FIG. 11 shows the semiconductor device 40W2 having the configuration illustrated in FIG. 6. In FIG. 11, as exemplified in FIG. 4, the current flowing at the period when both the lower arm 8L of the W phase and the upper arm 9H of the W phase are turned on, that is, when both semiconductor elements 41WL and 42WH are turned on, is indicated by dashed arrows. In the semiconductor device 40W2, the semiconductor element 42WH is arranged adjacent to the semiconductor element 41WL. The current paths 43L and 44H run in parallel. The current flowing through the current path 43H, which includes the semiconductor element 42WH, and the current flowing through the current path 43L, which includes the semiconductor element 41WL, are in opposite directions and face each other, as indicated by the dashed arrows. Therefore, by canceling out the magnetic flux, the inductance can be reduced.

The same applies to the other semiconductor devices 40U1, 40U2, 40V1, 40V2, and 40W1. The same also applies to the configuration shown in other examples such as FIG. 10.

(Magnetic Flux Cancellation During Y Drive)

During star connection drive (Y drive), the inverter 9 (22) is set to the neutral point, and the inverter 8 (21) is controlled according to drive requirements and other factors. FIG. 12 shows the semiconductor module 30 having the configuration illustrated in FIG. 6. In FIG. 12, as exemplified in FIG. 3, all upper arms 9H of the inverter 9 are turned on to set the neutral point, and the current flowing at the period when both the upper arm 8H of the U phase and the lower arm 8L of the W phase of the inverter 8 are turned on is indicated by dashed arrows. In other words, the diagram shows the current that flows when the semiconductor elements 42UH, 42VH, and 42WH are turned on to set the inverter 22 to the neutral point, and the semiconductor elements 41UH and 41WL are turned on.

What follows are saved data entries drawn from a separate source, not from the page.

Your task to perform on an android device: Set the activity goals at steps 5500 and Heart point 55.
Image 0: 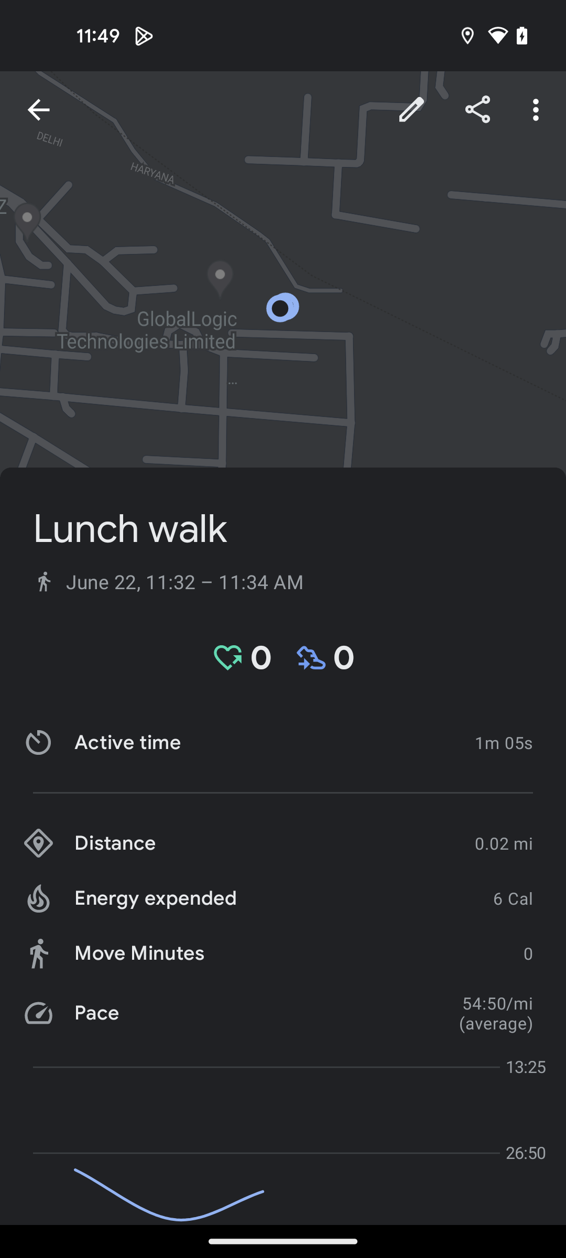
Go back to the previous screen
Step 0: press back button
Image 1: 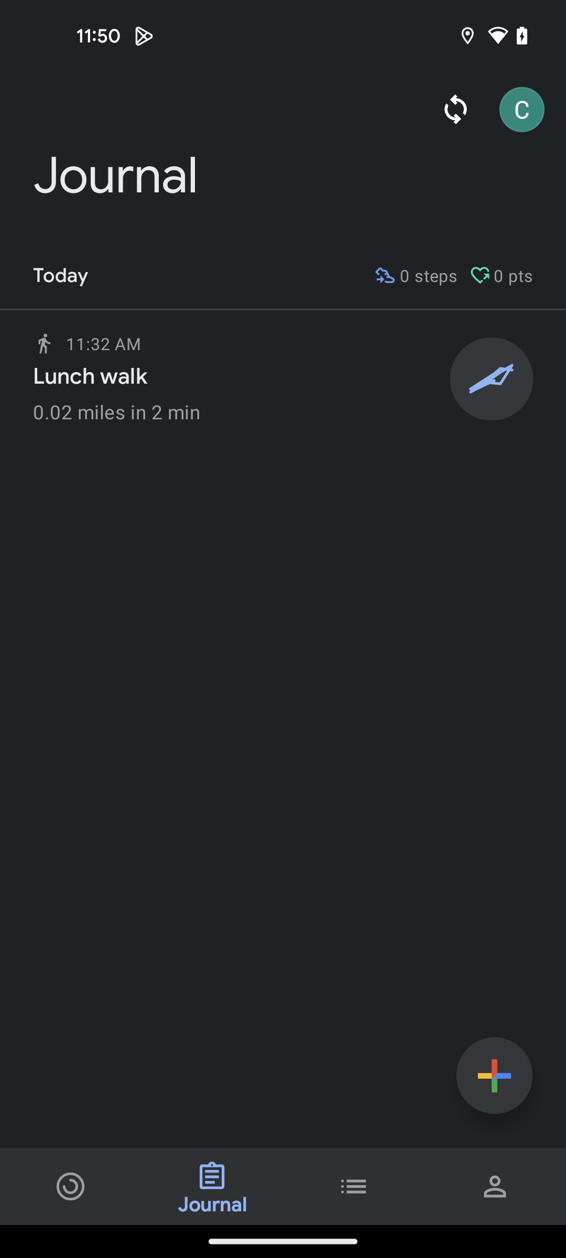
Click on Profile icon at the bottom right corner
Step 1: click (495, 1186)
Image 2: 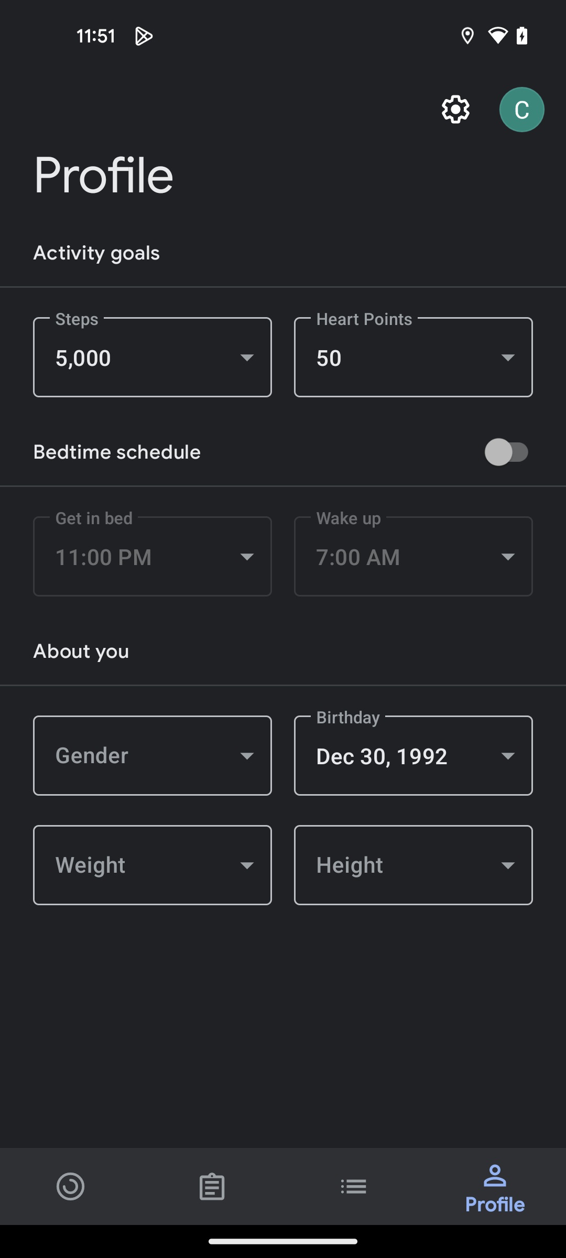
Click on the Steps drop-down section.
Step 2: click (153, 357)
Image 4: 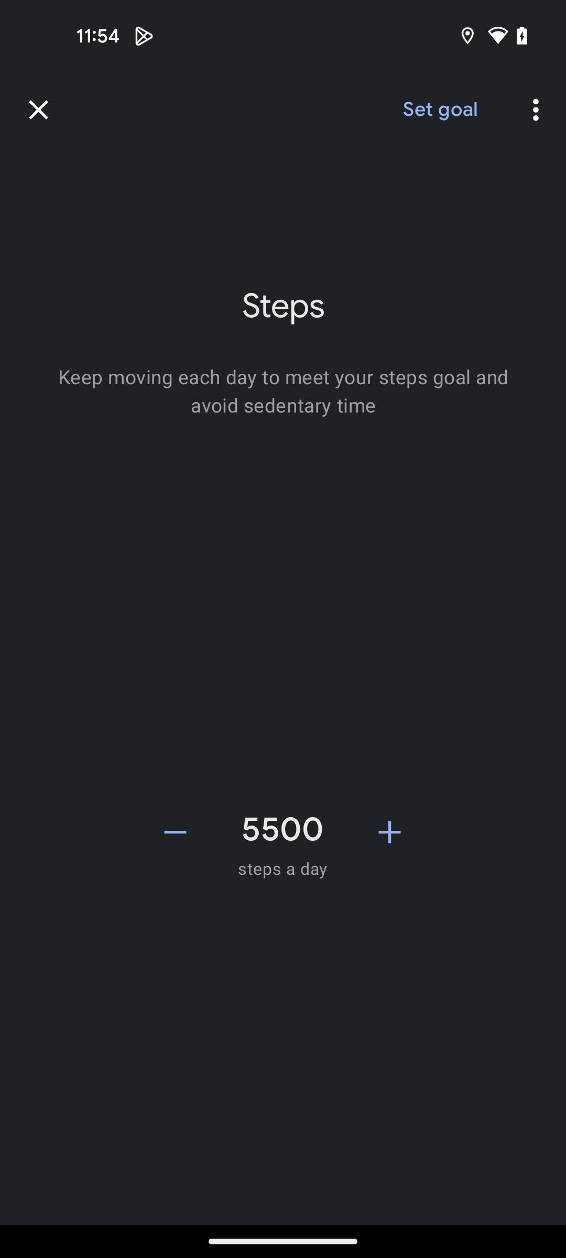
Click on Set goal at the top right
Step 4: click (440, 110)
Image 5: 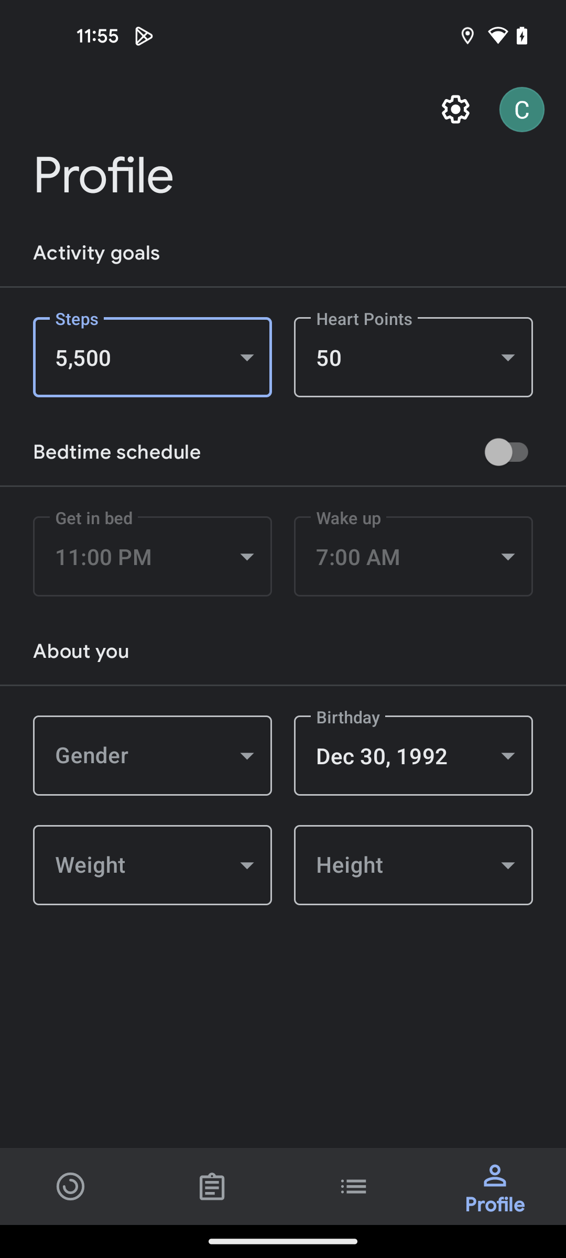
Click on the Heart Points drop-down section.
Step 5: click (413, 357)
Image 6: 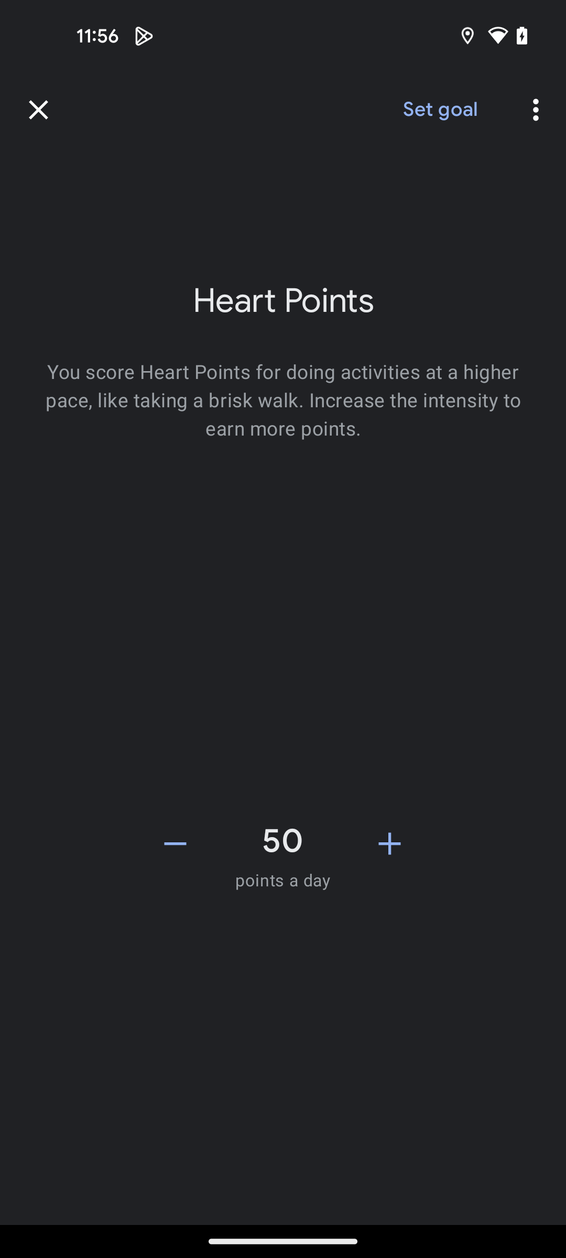
Click on plus icon to add 5 points
Step 6: click (389, 843)
Image 7: 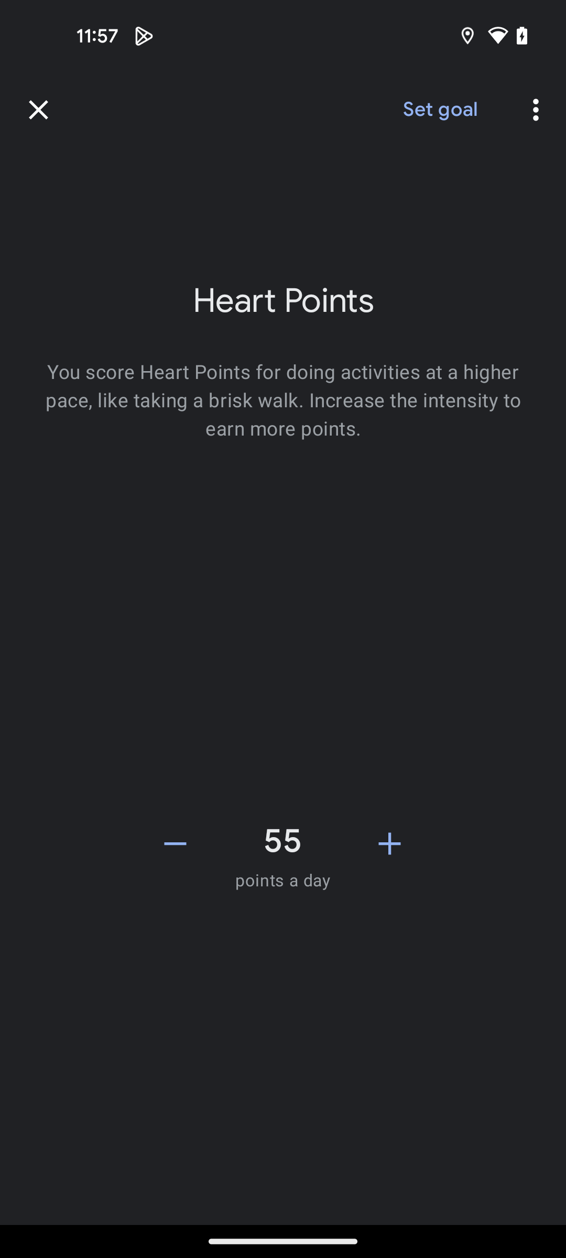
Click on Set goal at the top right
Step 7: click (440, 110)

In the X-direction, the semiconductor device 40U1 is arranged adjacent to the semiconductor device 40U2. The semiconductor element 41UH is arranged adjacent to the semiconductor element 42UH in the X-direction. The current path 43H, which includes the semiconductor element 41UH, and the current path 44H, which includes the semiconductor element 42UH, run in parallel. The current flowing through the current path 43H, which includes semiconductor element 41UH, and the current flowing through the current path 44H, which includes semiconductor element 42UH, are opposite in direction and face each other, as indicated by the dashed arrows. Therefore, by canceling out the magnetic flux, the inductance can be reduced.

In the semiconductor device 40W2, the semiconductor element 42WH is arranged adjacent to the semiconductor element 41WL. The current paths 43L and 44H run in parallel. The current flowing through the current path 44H, which includes the semiconductor element 42WH, and the current flowing through the current path 43L, which includes the semiconductor element 41WL, are opposite in direction and face each other, as indicated by the dashed arrows. Therefore, by canceling out the magnetic flux, the inductance can be reduced. The same also applies to the configuration shown in other examples such as FIG. 10.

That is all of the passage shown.